Chinese human rights lawyer Li Heping was convicted of the crime of ‘subverting state power’ on 28 April and given a three-year prison sentence, which has been suspended for four years. In this time he will have his political rights suspended and will likely be placed under constant supervision. 

Li Heping has been detained since the ‘709 crackdown’ on human rights lawyers in July 2015, during which time he has been held incommunicado and is believed to have been tortured. Li is a Christian human rights lawyer who spent his career defending the rights of religious minorities and other victims of human rights violations in China. Christian Solidarity Worldwide (CSW) has been protesting his detention since his arrest and on 26 October 2017, presented a petition with 2,148 signatories to the Chinese Embassy calling for his release. 

Li’s trial began in secret on 25 April 2017. According to the court notification, Li pleaded guilty in the trial, and said he would not appeal. He also reportedly thanked the court. It is likely that his defence lawyer was state-appointed because the two lawyers appointed by Li's family were not aware of the trial.  

Although the suspension of Li’s sentence means that he ought to have been released and reunited with his family, he is yet to be released.
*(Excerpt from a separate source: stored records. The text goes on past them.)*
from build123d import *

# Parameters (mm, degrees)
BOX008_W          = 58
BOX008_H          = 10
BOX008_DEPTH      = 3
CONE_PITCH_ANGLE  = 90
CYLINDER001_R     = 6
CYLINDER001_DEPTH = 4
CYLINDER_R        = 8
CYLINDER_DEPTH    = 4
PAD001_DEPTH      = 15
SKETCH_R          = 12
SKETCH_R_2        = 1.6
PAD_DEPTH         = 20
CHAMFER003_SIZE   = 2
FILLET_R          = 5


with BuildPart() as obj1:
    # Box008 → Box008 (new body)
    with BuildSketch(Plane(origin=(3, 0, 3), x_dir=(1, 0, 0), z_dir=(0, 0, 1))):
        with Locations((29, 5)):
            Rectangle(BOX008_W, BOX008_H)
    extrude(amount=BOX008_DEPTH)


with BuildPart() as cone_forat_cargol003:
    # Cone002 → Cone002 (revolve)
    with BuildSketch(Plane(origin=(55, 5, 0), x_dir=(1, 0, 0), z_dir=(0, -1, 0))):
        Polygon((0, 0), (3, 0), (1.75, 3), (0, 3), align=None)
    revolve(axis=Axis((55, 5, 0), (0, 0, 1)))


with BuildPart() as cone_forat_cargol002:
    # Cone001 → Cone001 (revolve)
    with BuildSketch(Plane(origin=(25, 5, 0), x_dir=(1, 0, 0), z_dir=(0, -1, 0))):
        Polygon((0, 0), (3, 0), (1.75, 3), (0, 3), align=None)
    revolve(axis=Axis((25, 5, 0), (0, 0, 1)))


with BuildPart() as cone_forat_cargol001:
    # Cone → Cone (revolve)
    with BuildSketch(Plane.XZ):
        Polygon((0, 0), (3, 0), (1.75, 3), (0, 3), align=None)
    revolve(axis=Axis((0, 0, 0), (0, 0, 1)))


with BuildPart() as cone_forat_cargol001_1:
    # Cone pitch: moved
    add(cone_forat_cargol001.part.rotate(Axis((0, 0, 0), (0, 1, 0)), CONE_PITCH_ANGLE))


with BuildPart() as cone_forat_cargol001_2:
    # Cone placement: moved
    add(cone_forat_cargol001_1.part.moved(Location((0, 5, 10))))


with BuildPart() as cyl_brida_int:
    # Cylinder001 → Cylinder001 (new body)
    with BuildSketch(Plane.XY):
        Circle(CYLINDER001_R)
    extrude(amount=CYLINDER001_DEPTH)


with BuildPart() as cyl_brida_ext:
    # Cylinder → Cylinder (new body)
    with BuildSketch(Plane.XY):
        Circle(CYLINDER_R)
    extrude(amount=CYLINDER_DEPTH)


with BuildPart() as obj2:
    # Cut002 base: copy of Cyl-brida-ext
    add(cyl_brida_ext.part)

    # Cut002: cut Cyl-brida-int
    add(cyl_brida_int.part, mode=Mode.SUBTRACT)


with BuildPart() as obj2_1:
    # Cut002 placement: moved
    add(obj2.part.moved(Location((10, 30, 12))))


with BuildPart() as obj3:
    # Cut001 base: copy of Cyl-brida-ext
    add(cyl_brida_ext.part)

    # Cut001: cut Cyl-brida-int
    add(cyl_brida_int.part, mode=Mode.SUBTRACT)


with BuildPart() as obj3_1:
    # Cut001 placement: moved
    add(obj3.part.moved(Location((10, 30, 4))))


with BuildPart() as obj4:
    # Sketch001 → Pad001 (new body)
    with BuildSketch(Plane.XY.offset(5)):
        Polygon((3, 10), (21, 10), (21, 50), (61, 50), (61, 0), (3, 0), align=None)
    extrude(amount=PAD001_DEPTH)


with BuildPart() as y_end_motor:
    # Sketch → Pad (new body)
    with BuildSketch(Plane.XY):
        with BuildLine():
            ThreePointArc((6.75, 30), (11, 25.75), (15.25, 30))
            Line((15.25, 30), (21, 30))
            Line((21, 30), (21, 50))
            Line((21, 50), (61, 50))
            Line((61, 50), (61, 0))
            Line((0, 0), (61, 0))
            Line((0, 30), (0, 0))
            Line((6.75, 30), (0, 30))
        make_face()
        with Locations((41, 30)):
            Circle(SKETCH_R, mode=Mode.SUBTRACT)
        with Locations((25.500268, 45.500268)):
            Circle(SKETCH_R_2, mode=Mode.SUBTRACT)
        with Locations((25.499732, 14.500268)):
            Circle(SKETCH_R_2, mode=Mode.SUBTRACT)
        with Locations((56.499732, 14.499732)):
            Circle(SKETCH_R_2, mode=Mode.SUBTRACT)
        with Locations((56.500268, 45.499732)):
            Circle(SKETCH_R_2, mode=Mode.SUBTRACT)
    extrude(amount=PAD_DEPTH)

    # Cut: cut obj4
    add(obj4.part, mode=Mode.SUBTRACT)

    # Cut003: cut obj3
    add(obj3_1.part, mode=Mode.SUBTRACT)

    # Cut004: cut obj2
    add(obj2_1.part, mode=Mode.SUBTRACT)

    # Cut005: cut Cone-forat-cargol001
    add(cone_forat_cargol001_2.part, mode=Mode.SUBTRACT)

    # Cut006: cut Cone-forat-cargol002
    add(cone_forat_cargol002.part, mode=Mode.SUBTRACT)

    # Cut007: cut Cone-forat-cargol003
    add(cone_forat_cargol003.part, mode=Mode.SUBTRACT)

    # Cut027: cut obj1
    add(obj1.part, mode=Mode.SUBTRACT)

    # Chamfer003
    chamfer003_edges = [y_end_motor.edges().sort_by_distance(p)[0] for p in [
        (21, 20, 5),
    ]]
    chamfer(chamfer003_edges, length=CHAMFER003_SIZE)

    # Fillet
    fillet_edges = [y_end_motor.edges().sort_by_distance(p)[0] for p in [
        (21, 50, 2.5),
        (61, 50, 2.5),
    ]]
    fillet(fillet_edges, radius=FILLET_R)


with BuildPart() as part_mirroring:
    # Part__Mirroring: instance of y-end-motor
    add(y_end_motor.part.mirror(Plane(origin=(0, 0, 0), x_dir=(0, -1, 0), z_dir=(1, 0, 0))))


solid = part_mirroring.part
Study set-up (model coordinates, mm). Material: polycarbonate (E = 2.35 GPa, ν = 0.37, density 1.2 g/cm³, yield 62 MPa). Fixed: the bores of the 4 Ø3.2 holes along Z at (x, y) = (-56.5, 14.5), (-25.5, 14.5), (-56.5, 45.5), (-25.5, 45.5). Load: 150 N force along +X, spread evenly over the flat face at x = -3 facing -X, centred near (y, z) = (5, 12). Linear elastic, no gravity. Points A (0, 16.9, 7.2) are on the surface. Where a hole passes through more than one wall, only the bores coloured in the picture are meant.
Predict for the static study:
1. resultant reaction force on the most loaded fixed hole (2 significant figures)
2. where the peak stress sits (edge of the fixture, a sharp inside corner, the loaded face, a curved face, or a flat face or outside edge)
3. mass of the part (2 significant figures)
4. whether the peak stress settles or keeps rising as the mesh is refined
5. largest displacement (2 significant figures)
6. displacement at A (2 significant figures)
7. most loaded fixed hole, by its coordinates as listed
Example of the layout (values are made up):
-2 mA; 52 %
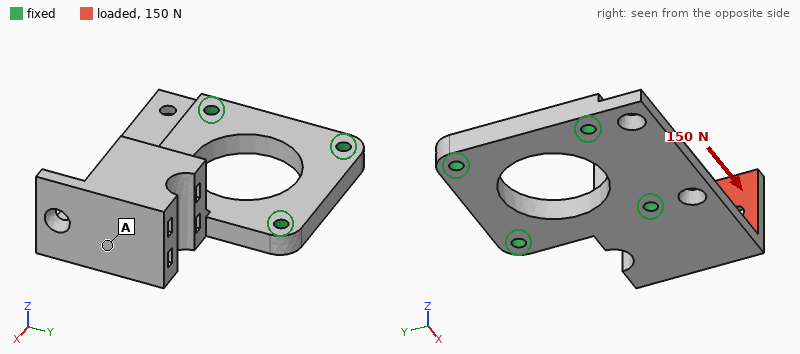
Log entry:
160 N; edge of the fixture; 18 g; keeps rising; 0.87 mm; 0.44 mm; (-25.5, 14.5)
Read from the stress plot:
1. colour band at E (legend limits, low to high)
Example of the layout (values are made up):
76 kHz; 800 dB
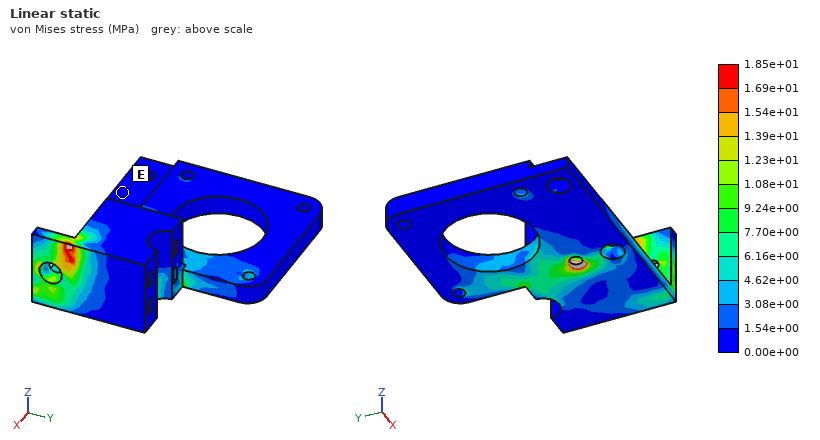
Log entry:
0.00e+00 to 1.54e+00 MPa
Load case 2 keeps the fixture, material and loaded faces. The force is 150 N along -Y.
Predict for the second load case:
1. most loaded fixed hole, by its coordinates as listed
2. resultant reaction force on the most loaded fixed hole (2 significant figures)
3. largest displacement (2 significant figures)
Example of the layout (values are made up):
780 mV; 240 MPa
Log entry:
(-25.5, 14.5); 130 N; 0.28 mm
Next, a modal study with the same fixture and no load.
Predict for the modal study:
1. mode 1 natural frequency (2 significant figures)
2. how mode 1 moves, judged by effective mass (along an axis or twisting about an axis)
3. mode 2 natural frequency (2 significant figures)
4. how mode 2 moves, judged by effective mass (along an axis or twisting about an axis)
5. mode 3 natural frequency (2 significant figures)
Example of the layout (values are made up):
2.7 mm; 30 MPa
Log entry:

Wang Qiaoling, Li Heping’s wife, has been outspoken about the injustices against Li and their family and has faced significant intimidation. According to China Aid, Li was coerced by the government to contact Wang and encourage her to travel to Tianjin to collect him. It is believed that this was an attempt by the Chinese government to apprehend Wang. Wang informed Li that she feared losing her freedom and told him to come to Beijing. Li said that he understood, and the call was disconnected.

In statements translated by China Change, Wang Qiaoling forcefully spoke about the injustice faced by her family: 

“They told me that I should be happy with this outcome, because ‘your husband can come home.’ You lock someone up and torture them for nearly two years, and now you come and tell me that this is the best outcome? Why didn’t the family even know about the trial? If the sentence was pronounced today in the court in Tianjin, why was his lawyer [not] there? You come here trying to make me buy this story, but all you want to really do is make sure our whole family is under house arrest and that Li Heping stays in captivity, and that I stay silent.”

CSW’s Chief Executive Mervyn Thomas said: “Although this suspended sentence has been dressed up by the Chinese authorities as a reprieve for Li Heping, he is neither free nor safe from future imprisonment and violations. He is yet to have been released despite the sentence having been supposedly ‘suspended’ for four years, and even if he is released, his safety, and that of his family, cannot be guaranteed. We note similarities with the case of prominent human rights lawyer Gao Zhisheng, who was sentenced to three years in prison with a probation period of five years in 2006, during which he was forcibly disappeared six times and severely tortured in detention. Li and his family may be vulnerable to similar treatment. We are also deeply concerned for the safety of his wife Qiaoling, whose words provide a vivid reminder that Li’s sentence is a miscarriage of justice and should be overturned by the Chinese government immediately. We call on the Chinese authorities to guarantee the family’s safely and ensure that Li Heping is released immediately.”